For some conservatives, the 2020 election proved Big Tech's ideological bias. Their complaints only got louder when major social media platforms banned Trump following the Jan. 6 attack on the Capitol and tech companies came under fire for throttling the spread of a New York Post article about Hunter Biden’s business dealings.

In this photo illustration, social media apps are displayed on an iPad on February 26, 2024, in Miami, Florida.
In this photo illustration, social media apps are displayed on an iPad on February 26, 2024, in Miami, Florida.

Supreme Court cases consider suppression of right-wing views

This term, the debate landed on the Supreme Court docket. One set of cases yet to be decided involves state laws in Florida and Texas that would restrict how social media companies police content on their platforms.

Those cases are “more directly relevant to the debate over whether social media chooses to censor conservative viewpoints,” said Duke Law School professor Stuart Benjamin.

At issue in Murthy v. Missouri was “jawboning,” the practice of trying to influence social media companies to delete a controversial post or change policies around public health misinformation.

The attorneys general of Missouri and Louisiana claim those attempts by the Biden administration violated the First Amendment. Among the communications were tense conversations the administration had with Facebook’s parent company Meta and X, formerly Twitter, over the coronavirus vaccine.

Federal judge Terry A. Doughty in the Western District of Louisiana sided with the plaintiffs, saying the pressure the Biden administration applied was “the most massive attack against free speech in United States’ history.”

Doughty, appointed by President Donald Trump, issued an injunction imposing unprecedented restrictions on how government officials speak about matters of public concern, address national security threats or relay public health information.

A three-judge panel of the U.S. Court of Appeals for the Fifth Circuit – two appointed by former President George W. Bush and one by Trump – narrowed the restrictions to a smaller number of government officials and agencies, but largely left the injunction intact.

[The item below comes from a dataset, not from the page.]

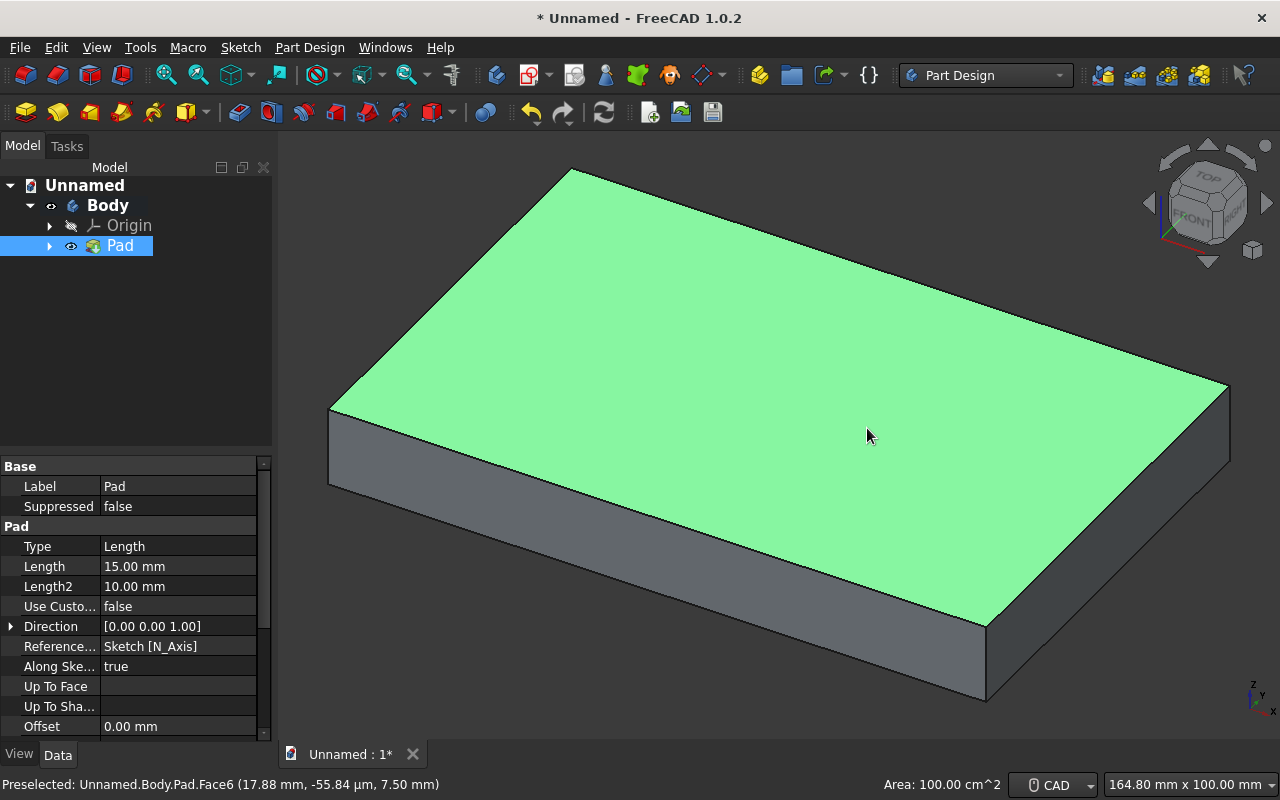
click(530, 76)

The Biden administration filed an emergency application in September asking the Supreme Court to temporarily lift the injunction, saying that the government can urge companies to take action on issues of national security and public safety as long as those requests are not threats. The court granted the request and agreed to hear the case.

Supreme Court dissent claims free speech violations

Writing for the majority, Justice Amy Coney Barrett said the decisions by social media companies to take down content could not be directly traced back to government influence.

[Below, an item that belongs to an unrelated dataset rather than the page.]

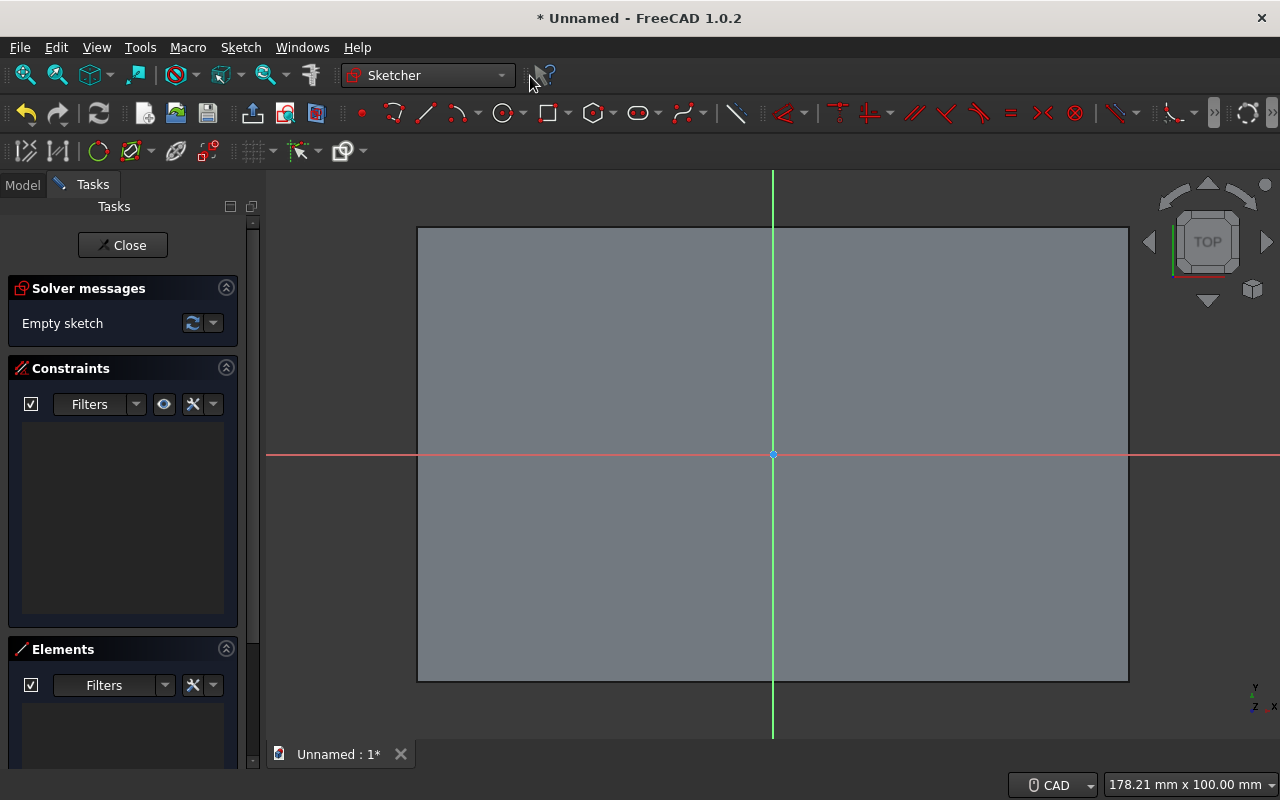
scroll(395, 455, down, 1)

“While the record reflects that the Government defendants played a role in at least some of the platforms’ moderation choices, the evidence indicates that the platforms had independent incentives to moderate content and often exercised their own judgment,” she wrote.

Wednesday, Justice Samuel A. Alito Jr., joined by Justices Clarence Thomas and Neil M. Gorsuch, dissented.

"For months, high-ranking government officials placed unrelenting pressure on Facebook to suppress Americans’ free speech," Alito wrote.

The court is shirking its duty, he said, “and thus permits the successful campaign of coercion in this case to stand as an attractive model for future officials who want to control what the people say, hear and think.”